Note: West Coast Decks, referenced in this article, closed in 2022.

Dunn Lumber partnered with professional deck builder Ron Spillers, from West Coast Decks, and created a series of videos that cover a series of decking questions. 

In this post, Ron covers how to finish a decking project. For more in this series, click here.

Deck Surface

There are several ways to attach the decking to the framework. You can use face screws, which are color-coordinated to match the color of your decking. They are also set slightly below the surface of the board. (This allows for expansion and contraction.) They shouldn't be too deep, but they also shouldn't stick out of the deck. Though not necessary, we recommend pre-drilling all of your screws. An advantage of using face screws is if you damage a decking board you can easily remove the face screws and replace the board with a new one. Using double-threaded screws ensures a nice clean finish.

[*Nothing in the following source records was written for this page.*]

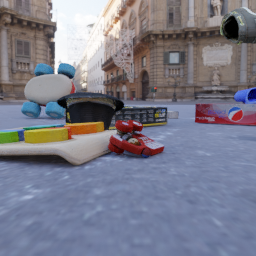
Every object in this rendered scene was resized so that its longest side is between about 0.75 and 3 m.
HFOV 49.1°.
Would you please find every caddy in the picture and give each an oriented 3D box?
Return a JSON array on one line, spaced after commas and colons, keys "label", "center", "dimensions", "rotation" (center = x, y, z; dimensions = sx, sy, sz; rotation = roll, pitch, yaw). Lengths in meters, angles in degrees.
[{"label": "caddy", "center": [7.019, -1.462, 15.724], "dimensions": [2.215, 1.566, 1.162], "rotation": [-13, 7, -35]}]

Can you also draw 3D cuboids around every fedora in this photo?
[{"label": "fedora", "center": [-0.894, -0.260, 6.745], "dimensions": [1.782, 0.814, 1.782], "rotation": [1, -10, 0]}]

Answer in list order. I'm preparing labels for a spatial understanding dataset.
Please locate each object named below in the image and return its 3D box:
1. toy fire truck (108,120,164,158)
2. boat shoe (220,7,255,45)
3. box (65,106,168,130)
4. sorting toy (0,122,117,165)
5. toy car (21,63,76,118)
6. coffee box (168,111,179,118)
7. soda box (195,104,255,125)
[{"label": "toy fire truck", "center": [0.145, 0.243, 4.797], "dimensions": [0.769, 0.514, 0.916], "rotation": [27, 16, 26]}, {"label": "boat shoe", "center": [3.370, -3.171, 8.694], "dimensions": [0.813, 0.973, 2.721], "rotation": [-4, 27, 0]}, {"label": "box", "center": [-0.417, -0.433, 10.085], "dimensions": [2.940, 0.725, 2.347], "rotation": [-5, 9, -40]}, {"label": "sorting toy", "center": [-1.555, 0.162, 5.294], "dimensions": [2.606, 0.475, 2.412], "rotation": [2, 6, 19]}, {"label": "toy car", "center": [-3.646, -1.473, 14.889], "dimensions": [2.637, 2.748, 2.982], "rotation": [2, -23, 19]}, {"label": "coffee box", "center": [2.049, -0.664, 14.047], "dimensions": [0.885, 0.353, 0.506], "rotation": [0, 6, -2]}, {"label": "soda box", "center": [3.852, -0.541, 10.716], "dimensions": [2.444, 0.775, 0.856], "rotation": [3, 5, 38]}]
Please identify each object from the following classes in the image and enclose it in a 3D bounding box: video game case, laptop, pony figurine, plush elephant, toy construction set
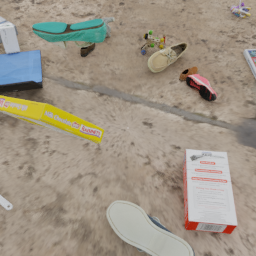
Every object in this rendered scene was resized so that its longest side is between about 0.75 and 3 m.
[{"bbox_3d":[6.234,-2.485,11.400,2.446,0.281,2.228,-2,50,0],"label":"video game case"},{"bbox_3d":[-4.689,-2.124,10.124,2.795,2.985,1.730,-9,95,-7],"label":"laptop"},{"bbox_3d":[5.639,-6.007,14.098,1.009,0.840,0.974,18,60,-5],"label":"pony figurine"},{"bbox_3d":[-1.100,-4.483,12.735,0.956,0.899,1.161,-19,0,34],"label":"plush elephant"},{"bbox_3d":[1.218,-3.741,11.926,1.155,1.064,1.385,25,54,19],"label":"toy construction set"}]

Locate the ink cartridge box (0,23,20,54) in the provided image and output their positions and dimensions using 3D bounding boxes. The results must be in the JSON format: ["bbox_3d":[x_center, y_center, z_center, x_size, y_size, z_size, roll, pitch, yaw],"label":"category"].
[{"bbox_3d":[-4.972,-3.761,11.705,0.579,1.005,1.378,-16,32,-19],"label":"ink cartridge box"}]

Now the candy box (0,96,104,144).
[{"bbox_3d":[-2.030,-0.267,6.310,2.977,1.522,0.393,12,82,43],"label":"candy box"}]

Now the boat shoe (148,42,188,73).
[{"bbox_3d":[1.635,-2.930,11.339,2.089,0.678,0.754,-35,97,-30],"label":"boat shoe"}]

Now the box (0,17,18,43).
[{"bbox_3d":[-6.658,-4.613,13.022,2.456,0.506,1.915,34,58,26],"label":"box"}]

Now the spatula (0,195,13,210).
[{"bbox_3d":[-4.561,2.019,7.696,2.580,0.207,1.794,29,51,25],"label":"spatula"}]

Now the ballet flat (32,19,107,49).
[{"bbox_3d":[-1.942,-3.071,9.371,2.513,0.885,0.846,-1,43,7],"label":"ballet flat"}]

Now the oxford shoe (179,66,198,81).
[{"bbox_3d":[2.451,-2.232,11.135,1.022,0.364,0.365,-36,57,-28],"label":"oxford shoe"}]

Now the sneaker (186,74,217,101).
[{"bbox_3d":[2.869,-1.603,10.486,0.643,0.546,1.482,-26,55,-22],"label":"sneaker"}]

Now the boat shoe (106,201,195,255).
[{"bbox_3d":[0.520,2.585,6.827,2.426,0.750,0.908,19,66,30],"label":"boat shoe"}]

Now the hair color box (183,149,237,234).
[{"bbox_3d":[2.162,1.672,7.673,1.203,0.693,2.169,4,52,4],"label":"hair color box"}]

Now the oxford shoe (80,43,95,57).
[{"bbox_3d":[-1.729,-3.559,12.182,0.385,0.447,1.060,15,50,14],"label":"oxford shoe"}]
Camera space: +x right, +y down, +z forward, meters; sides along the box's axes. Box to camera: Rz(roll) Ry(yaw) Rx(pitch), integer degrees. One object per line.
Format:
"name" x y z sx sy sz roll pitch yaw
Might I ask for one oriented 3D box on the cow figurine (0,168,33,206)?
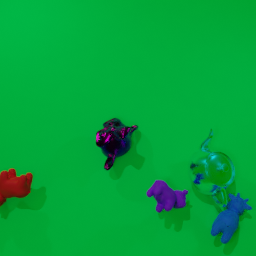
"cow figurine" -3.021 1.626 7.138 1.147 0.630 1.129 11 95 10

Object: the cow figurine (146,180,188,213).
"cow figurine" 0.988 1.611 6.814 1.007 0.553 0.991 57 44 -7

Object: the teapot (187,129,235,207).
"teapot" 2.198 1.033 7.242 1.228 0.967 1.975 -3 74 -23

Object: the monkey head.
"monkey head" -0.223 0.323 7.514 1.178 0.987 1.638 2 49 48

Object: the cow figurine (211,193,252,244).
"cow figurine" 2.549 2.184 6.922 0.636 1.158 1.139 33 97 23
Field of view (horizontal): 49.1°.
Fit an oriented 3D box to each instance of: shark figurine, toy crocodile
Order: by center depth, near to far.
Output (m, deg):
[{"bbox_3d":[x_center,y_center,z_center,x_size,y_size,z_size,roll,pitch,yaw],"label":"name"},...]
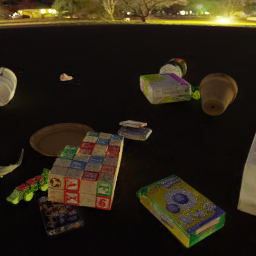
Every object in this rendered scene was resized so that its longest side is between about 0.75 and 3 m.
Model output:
[{"bbox_3d":[-2.605,1.564,7.516,0.458,0.419,1.356,18,32,32],"label":"toy crocodile"},{"bbox_3d":[-3.844,1.116,8.214,1.578,0.659,0.943,-12,30,-18],"label":"shark figurine"}]

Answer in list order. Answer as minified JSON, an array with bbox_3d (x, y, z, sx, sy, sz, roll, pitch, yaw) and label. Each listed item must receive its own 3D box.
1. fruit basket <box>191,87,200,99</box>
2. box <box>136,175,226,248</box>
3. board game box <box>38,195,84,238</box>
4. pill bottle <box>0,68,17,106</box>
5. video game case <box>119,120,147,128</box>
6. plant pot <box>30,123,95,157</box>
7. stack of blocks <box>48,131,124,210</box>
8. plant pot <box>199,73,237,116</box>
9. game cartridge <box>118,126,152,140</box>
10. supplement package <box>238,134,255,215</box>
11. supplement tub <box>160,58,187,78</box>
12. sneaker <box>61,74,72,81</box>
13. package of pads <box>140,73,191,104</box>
[{"bbox_3d":[3.384,-1.767,14.257,0.827,0.596,0.827,-6,9,1],"label":"fruit basket"},{"bbox_3d":[1.195,1.849,6.876,1.192,0.491,2.031,-16,29,-30],"label":"box"},{"bbox_3d":[-1.660,2.025,6.798,0.834,0.213,1.231,-12,29,-23],"label":"board game box"},{"bbox_3d":[-6.287,-2.023,13.776,1.375,1.375,2.415,-7,27,-14],"label":"pill bottle"},{"bbox_3d":[0.212,-0.159,11.033,0.773,0.094,1.081,10,10,20],"label":"video game case"},{"bbox_3d":[-2.283,0.432,9.969,2.274,0.313,2.274,-1,26,0],"label":"plant pot"},{"bbox_3d":[-1.047,1.014,7.898,1.563,0.795,2.715,8,23,2],"label":"stack of blocks"},{"bbox_3d":[3.910,-1.364,12.427,1.676,1.676,1.462,10,45,20],"label":"plant pot"},{"bbox_3d":[0.249,0.168,10.624,1.141,0.233,0.759,11,24,21],"label":"game cartridge"},{"bbox_3d":[3.870,1.245,6.293,2.291,1.784,1.270,14,46,26],"label":"supplement package"},{"bbox_3d":[2.777,-3.463,16.841,1.267,1.267,2.069,11,28,22],"label":"supplement tub"},{"bbox_3d":[-3.797,-3.171,17.249,0.760,0.398,0.286,-17,29,-33],"label":"sneaker"},{"bbox_3d":[1.762,-2.076,14.163,2.031,0.897,2.629,-7,25,-9],"label":"package of pads"}]

Another option for securing your decking to the framework is a hidden fastener system, this generally incorporates a clip that slides into a groove on the side of the board.

You can use divider boards, or spleen boards, which allow you to use full boards on either side of the divider board so you can avoid what is called butt joints—where two boards come together. This adds a finished look to your deck.

Deck Railings

The rail posts are really the heart and soul of the rail. It's important to consider spacing between posts and how the posts will be attached to the deck.

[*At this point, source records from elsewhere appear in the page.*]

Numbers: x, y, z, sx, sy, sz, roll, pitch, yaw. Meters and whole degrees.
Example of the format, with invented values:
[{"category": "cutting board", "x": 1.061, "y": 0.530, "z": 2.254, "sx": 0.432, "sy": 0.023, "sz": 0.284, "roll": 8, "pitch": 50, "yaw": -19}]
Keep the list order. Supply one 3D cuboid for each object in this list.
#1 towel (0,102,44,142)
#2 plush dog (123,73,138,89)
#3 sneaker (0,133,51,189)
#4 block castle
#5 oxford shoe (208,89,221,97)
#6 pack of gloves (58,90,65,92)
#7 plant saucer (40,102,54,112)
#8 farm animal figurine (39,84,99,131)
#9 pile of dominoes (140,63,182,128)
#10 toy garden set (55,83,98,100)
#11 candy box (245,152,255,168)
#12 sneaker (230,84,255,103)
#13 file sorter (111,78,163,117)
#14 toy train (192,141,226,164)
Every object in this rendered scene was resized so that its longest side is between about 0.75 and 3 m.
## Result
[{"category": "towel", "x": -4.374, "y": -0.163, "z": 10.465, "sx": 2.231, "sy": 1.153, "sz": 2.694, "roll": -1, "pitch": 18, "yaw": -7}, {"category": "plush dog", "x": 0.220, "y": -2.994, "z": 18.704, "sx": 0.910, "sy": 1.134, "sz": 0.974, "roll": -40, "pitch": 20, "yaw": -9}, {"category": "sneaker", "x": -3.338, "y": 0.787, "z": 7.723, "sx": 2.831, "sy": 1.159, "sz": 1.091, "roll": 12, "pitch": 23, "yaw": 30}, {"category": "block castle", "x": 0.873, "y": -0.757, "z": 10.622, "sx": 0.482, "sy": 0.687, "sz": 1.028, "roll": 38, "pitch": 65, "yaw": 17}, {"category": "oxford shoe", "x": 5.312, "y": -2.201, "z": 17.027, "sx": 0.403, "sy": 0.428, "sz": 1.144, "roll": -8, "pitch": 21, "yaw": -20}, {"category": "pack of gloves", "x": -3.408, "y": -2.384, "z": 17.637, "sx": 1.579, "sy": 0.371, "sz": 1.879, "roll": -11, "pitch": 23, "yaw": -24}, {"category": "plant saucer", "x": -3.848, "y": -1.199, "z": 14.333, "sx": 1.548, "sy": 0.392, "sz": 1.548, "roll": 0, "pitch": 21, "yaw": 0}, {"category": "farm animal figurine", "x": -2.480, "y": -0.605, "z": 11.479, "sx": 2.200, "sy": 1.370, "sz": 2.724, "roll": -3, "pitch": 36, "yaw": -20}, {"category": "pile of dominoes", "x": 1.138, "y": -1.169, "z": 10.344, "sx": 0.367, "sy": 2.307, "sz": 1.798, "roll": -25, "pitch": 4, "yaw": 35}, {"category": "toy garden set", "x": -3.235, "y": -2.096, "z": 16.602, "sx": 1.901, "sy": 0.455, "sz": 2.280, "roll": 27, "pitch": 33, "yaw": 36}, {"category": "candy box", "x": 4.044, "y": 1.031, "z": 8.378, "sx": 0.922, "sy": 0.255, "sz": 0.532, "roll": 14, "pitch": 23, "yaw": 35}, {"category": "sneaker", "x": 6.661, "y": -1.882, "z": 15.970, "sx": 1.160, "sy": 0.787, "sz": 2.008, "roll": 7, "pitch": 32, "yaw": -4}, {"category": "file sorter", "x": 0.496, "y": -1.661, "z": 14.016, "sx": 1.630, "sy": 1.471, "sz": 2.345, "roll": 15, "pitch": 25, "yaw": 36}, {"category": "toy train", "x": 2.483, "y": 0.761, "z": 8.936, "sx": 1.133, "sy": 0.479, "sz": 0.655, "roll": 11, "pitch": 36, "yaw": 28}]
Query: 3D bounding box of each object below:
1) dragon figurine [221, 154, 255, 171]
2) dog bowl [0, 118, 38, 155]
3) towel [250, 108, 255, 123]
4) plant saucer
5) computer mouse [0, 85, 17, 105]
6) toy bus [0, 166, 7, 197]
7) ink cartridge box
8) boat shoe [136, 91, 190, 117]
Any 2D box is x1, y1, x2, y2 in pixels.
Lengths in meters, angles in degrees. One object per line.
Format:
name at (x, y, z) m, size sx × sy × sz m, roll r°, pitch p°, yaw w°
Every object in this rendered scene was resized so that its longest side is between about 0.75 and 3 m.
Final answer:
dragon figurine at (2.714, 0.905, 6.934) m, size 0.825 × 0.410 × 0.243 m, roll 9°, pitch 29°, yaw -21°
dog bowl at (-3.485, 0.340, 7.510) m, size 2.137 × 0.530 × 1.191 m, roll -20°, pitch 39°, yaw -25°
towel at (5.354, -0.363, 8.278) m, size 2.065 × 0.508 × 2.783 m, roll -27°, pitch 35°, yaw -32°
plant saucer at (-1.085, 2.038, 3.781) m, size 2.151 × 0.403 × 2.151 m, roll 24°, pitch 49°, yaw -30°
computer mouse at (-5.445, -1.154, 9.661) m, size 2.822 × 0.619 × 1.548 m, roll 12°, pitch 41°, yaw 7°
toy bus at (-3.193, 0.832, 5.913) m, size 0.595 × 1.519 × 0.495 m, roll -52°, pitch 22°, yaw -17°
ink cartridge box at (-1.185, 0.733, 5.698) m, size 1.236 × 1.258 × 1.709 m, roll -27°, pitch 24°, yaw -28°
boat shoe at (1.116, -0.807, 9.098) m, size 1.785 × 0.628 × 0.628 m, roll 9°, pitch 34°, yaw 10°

The further apart your rail posts are, the weaker the railing becomes for lateral load, or sideways push. Code requires a rail to stand 200 pounds per square foot (lateral load.) To achieve that, there needs to be no more than a 6-foot distance between posts.

There are many choices when it comes to guard rails. When choosing your guard rails, keep in mind that code requires rails to be at least 36 inches tall from the top of the decking surface.

We used a powder-coated aluminum rail, also called a top-mount rail. This means it mounts on top of the decking surface.

Wood rails are very popular; they mount down inside the framework. (They're called inside mount rails.)

Fascia mount rail is one that mounts on the outside of the deck. Fascia will give you little bit more room on the deck, but is generally more expensive. You can do fascia mount rail with either wood or metal rail.

Your final choice is a composite rail system. Composite rails generally incorporate a wood post that's mounted inside the framework and has a composite post sleeve over the top.

Deck Stairs

It's important to know the rules and regulations when it comes to stairs. But, let's start with definitions: The area where you put your feet is called the treads, and the vertical portion of the stairs is called a riser.

The risers can not exceed 7¾" high. They can be less than that but you can't be higher than that.

All your risers need to be within ⅛" of the same distance.

Finally, the depth of the tread has to be at least 11". They can be deeper, but they can't be any less than 11".

Guard rails on stairs have to have a "grippable" top—in other words, you have to be able to hold on to the guard rail as you come down the stairs. Code requirements have a certain shape and size to graspable handrails.

Lastly, when you step off the stairs you need step on to something level and solid, such as concrete, stone, or gravel.

Deck Fascia

A nice final step is a finished fascia. This piece covers the outside of the framework.

For this project, West Coast Decks used a material called Azek PVC trim. It doesn't need to be painted or coated—but it can be.

You can also do skirting close the opening, from framework down to the ground. Most commonly, lattice is used for skirting. For this project, the owner wanted it left open because they will do some planting along the front edge.

Deck Skirting

Skirting is another finishing touch that encloses the opening from the framework to the ground. Typically we use lattice. Skirting is generally attached to the beam and to the posts that support the deck. You can put a 2x4 between the support posts to create a frame that can hold the skirting. For this project the owner wanted it left open for some additional landscaping along the front edge.

Deck Maintenance

This deck was built using encapsulated composite decking and powder coated aluminum railing, making it a low-maintenance deck. It requires occasional cleaning.

In the Pacific Northwest, it is very common to get some organic growth on the deck like mold and mildew. Use bleach and water for 60 seconds to clean a deck off regularly. Railings can be wiped down with soap and water.